_GIVEN DATA_.
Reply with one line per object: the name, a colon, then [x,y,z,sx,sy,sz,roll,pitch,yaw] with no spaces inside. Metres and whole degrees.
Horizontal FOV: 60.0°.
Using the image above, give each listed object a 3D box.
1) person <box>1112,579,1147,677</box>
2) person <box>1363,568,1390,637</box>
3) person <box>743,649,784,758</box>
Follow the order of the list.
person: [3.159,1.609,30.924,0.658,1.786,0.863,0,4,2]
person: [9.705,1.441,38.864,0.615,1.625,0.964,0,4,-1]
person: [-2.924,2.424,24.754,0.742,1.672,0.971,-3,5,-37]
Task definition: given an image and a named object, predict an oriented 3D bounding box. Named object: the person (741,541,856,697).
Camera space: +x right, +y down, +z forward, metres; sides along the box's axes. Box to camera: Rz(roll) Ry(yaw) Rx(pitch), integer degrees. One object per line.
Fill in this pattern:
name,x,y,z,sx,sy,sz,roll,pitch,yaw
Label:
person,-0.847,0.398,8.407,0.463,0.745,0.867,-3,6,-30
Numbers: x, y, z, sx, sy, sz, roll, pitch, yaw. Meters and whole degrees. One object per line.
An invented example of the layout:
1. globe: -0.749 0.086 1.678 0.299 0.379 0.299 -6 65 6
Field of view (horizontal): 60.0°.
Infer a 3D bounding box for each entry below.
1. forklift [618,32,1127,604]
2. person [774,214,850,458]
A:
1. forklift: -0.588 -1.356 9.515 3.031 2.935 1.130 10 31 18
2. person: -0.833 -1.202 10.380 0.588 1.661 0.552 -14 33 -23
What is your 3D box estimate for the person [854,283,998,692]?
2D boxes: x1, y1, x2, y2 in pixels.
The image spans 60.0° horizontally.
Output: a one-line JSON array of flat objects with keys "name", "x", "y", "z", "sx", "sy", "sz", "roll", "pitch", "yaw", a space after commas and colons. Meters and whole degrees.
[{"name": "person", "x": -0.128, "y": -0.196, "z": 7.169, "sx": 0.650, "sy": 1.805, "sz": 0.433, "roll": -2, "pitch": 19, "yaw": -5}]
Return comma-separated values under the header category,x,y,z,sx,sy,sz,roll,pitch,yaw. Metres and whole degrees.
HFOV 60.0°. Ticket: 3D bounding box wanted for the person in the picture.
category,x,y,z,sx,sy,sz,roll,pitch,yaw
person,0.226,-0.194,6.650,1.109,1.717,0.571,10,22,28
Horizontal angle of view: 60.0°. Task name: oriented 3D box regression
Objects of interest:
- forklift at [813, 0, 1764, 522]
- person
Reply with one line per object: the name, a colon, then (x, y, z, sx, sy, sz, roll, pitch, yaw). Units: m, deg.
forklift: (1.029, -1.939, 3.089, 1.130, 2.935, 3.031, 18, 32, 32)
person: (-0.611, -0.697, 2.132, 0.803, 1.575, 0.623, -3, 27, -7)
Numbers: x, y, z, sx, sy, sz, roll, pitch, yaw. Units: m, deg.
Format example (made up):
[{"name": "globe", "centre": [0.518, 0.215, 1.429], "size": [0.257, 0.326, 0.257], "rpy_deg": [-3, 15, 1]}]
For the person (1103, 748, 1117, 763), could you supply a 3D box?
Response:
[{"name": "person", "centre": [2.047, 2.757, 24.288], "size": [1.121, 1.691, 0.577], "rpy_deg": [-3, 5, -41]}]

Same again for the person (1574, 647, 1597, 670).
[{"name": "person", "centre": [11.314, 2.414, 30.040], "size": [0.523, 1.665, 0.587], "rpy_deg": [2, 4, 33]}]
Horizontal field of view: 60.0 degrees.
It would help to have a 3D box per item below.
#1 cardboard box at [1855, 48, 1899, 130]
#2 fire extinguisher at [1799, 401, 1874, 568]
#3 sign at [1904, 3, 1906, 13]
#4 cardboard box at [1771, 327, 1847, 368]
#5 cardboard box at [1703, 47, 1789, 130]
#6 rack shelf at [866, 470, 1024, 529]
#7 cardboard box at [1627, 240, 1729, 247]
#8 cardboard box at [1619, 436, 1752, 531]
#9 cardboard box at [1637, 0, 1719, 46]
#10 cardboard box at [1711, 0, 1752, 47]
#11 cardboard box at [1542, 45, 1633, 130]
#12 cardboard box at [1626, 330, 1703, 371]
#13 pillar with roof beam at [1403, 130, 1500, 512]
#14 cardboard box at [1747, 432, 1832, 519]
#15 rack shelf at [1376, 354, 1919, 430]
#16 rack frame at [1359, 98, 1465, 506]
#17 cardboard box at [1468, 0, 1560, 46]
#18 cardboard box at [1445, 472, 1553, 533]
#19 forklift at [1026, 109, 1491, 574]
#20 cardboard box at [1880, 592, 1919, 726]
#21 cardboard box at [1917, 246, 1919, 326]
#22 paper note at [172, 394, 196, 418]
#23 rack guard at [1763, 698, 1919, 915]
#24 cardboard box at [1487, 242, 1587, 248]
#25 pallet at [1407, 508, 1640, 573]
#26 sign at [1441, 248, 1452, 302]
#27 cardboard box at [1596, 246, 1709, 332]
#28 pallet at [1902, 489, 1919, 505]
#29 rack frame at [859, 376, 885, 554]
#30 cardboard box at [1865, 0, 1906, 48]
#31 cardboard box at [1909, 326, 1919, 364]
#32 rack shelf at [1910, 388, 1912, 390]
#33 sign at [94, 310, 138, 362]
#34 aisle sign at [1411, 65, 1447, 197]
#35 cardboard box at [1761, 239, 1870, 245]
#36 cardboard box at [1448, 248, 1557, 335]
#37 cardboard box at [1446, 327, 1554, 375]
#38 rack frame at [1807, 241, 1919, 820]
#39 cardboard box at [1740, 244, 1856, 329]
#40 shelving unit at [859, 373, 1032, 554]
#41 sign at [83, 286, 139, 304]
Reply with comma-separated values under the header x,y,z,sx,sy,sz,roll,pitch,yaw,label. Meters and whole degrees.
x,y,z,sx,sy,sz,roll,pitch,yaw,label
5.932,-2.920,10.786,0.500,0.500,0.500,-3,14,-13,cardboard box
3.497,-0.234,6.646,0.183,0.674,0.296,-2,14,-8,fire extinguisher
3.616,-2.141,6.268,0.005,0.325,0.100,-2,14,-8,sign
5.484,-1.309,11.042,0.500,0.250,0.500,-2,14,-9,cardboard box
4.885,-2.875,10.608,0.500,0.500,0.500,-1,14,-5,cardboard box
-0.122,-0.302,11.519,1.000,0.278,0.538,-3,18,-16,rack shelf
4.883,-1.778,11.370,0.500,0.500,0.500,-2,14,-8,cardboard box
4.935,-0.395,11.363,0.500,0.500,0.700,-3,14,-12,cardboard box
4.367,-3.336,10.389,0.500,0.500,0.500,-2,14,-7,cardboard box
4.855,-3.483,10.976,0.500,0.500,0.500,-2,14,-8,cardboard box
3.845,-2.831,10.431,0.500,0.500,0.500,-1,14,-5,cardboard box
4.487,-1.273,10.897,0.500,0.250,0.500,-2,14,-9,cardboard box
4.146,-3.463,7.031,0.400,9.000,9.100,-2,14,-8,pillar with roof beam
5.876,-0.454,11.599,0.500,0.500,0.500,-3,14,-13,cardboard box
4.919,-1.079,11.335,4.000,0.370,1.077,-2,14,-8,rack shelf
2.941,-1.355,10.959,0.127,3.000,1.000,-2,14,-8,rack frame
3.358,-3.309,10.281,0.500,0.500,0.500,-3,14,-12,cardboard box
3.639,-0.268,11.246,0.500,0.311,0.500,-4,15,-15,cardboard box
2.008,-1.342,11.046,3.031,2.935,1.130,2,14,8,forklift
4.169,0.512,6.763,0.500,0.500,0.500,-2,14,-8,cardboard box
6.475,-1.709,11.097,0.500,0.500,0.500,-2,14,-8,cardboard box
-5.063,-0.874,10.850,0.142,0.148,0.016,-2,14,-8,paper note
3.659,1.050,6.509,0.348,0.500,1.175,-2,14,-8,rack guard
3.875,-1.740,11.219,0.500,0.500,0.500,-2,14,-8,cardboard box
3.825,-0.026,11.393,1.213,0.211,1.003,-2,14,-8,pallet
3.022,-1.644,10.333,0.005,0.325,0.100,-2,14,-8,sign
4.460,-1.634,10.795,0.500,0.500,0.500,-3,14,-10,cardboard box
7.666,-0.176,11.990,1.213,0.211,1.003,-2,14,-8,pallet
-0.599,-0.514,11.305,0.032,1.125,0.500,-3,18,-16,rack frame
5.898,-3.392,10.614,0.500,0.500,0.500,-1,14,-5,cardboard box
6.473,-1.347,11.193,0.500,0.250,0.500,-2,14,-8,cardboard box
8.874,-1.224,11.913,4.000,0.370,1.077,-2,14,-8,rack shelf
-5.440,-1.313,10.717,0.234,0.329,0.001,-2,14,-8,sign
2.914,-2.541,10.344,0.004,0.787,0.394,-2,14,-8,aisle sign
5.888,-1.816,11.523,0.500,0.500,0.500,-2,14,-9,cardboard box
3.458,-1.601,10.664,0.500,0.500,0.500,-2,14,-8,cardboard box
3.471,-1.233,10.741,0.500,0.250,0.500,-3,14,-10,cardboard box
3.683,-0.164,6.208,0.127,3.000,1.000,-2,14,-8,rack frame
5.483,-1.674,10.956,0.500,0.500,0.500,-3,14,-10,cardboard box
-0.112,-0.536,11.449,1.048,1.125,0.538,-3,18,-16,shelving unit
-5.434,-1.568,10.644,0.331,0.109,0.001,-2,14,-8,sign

_AIM OF THE TASK_.
Using the data above, reproduce exactly the lines from the line that contains "#8 cardboard box at [1619, 436, 1752, 531]" through the line that contains "#41 sign at [83, 286, 139, 304]", including both.

_ANSWER TO THIS EXERCISE_.
#8 cardboard box at [1619, 436, 1752, 531]
#9 cardboard box at [1637, 0, 1719, 46]
#10 cardboard box at [1711, 0, 1752, 47]
#11 cardboard box at [1542, 45, 1633, 130]
#12 cardboard box at [1626, 330, 1703, 371]
#13 pillar with roof beam at [1403, 130, 1500, 512]
#14 cardboard box at [1747, 432, 1832, 519]
#15 rack shelf at [1376, 354, 1919, 430]
#16 rack frame at [1359, 98, 1465, 506]
#17 cardboard box at [1468, 0, 1560, 46]
#18 cardboard box at [1445, 472, 1553, 533]
#19 forklift at [1026, 109, 1491, 574]
#20 cardboard box at [1880, 592, 1919, 726]
#21 cardboard box at [1917, 246, 1919, 326]
#22 paper note at [172, 394, 196, 418]
#23 rack guard at [1763, 698, 1919, 915]
#24 cardboard box at [1487, 242, 1587, 248]
#25 pallet at [1407, 508, 1640, 573]
#26 sign at [1441, 248, 1452, 302]
#27 cardboard box at [1596, 246, 1709, 332]
#28 pallet at [1902, 489, 1919, 505]
#29 rack frame at [859, 376, 885, 554]
#30 cardboard box at [1865, 0, 1906, 48]
#31 cardboard box at [1909, 326, 1919, 364]
#32 rack shelf at [1910, 388, 1912, 390]
#33 sign at [94, 310, 138, 362]
#34 aisle sign at [1411, 65, 1447, 197]
#35 cardboard box at [1761, 239, 1870, 245]
#36 cardboard box at [1448, 248, 1557, 335]
#37 cardboard box at [1446, 327, 1554, 375]
#38 rack frame at [1807, 241, 1919, 820]
#39 cardboard box at [1740, 244, 1856, 329]
#40 shelving unit at [859, 373, 1032, 554]
#41 sign at [83, 286, 139, 304]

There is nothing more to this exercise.